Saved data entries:
Segment Open
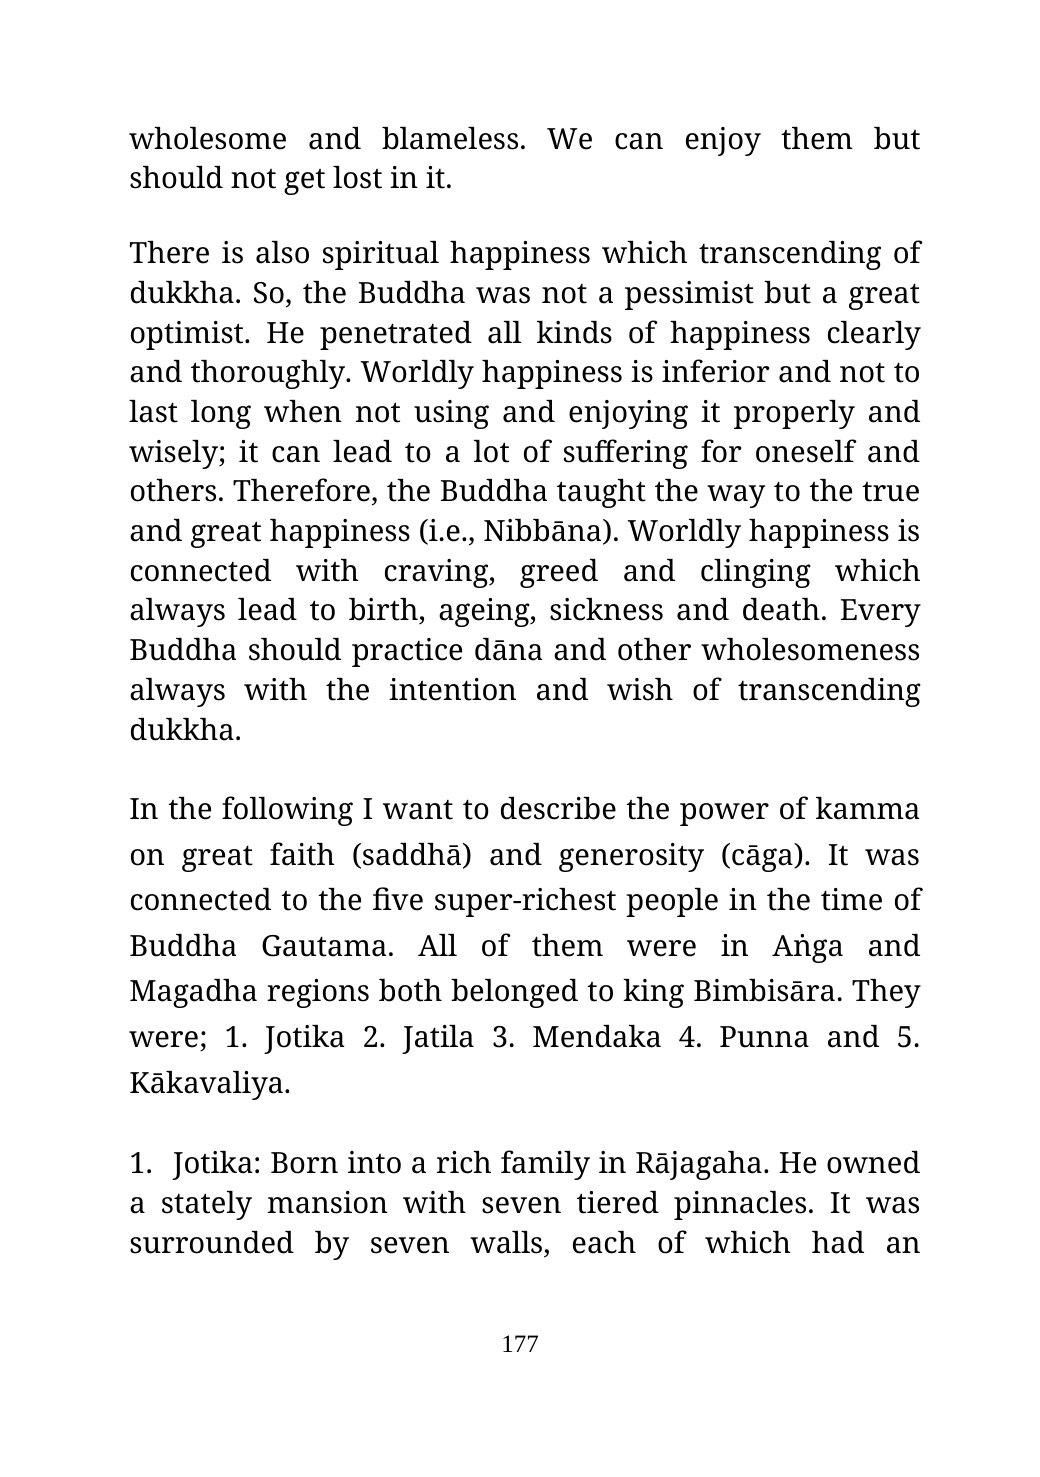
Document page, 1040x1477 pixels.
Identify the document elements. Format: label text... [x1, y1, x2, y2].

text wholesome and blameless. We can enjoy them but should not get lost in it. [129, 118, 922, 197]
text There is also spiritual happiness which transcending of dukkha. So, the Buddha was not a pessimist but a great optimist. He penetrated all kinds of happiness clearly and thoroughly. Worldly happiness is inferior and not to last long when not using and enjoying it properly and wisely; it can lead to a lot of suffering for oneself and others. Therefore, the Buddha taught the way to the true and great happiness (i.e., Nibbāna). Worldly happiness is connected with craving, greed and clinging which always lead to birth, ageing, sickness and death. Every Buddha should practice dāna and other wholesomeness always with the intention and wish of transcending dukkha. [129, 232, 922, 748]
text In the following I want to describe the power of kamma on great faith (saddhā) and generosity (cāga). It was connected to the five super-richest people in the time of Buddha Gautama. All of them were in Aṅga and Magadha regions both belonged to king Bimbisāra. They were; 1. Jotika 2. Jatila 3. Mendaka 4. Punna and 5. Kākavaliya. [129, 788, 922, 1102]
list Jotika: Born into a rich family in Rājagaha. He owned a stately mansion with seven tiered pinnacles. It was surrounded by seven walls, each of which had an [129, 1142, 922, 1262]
Segment Closed
### What you will do
Your answer must consist only of the lines from the one with "Identify the document" through the final line of the entries, each retyped exactly.

### Response to this task
Identify the document elements. Format: label text... [x1, y1, x2, y2].

text wholesome and blameless. We can enjoy them but should not get lost in it. [129, 118, 922, 197]
text There is also spiritual happiness which transcending of dukkha. So, the Buddha was not a pessimist but a great optimist. He penetrated all kinds of happiness clearly and thoroughly. Worldly happiness is inferior and not to last long when not using and enjoying it properly and wisely; it can lead to a lot of suffering for oneself and others. Therefore, the Buddha taught the way to the true and great happiness (i.e., Nibbāna). Worldly happiness is connected with craving, greed and clinging which always lead to birth, ageing, sickness and death. Every Buddha should practice dāna and other wholesomeness always with the intention and wish of transcending dukkha. [129, 232, 922, 748]
text In the following I want to describe the power of kamma on great faith (saddhā) and generosity (cāga). It was connected to the five super-richest people in the time of Buddha Gautama. All of them were in Aṅga and Magadha regions both belonged to king Bimbisāra. They were; 1. Jotika 2. Jatila 3. Mendaka 4. Punna and 5. Kākavaliya. [129, 788, 922, 1102]
list Jotika: Born into a rich family in Rājagaha. He owned a stately mansion with seven tiered pinnacles. It was surrounded by seven walls, each of which had an [129, 1142, 922, 1262]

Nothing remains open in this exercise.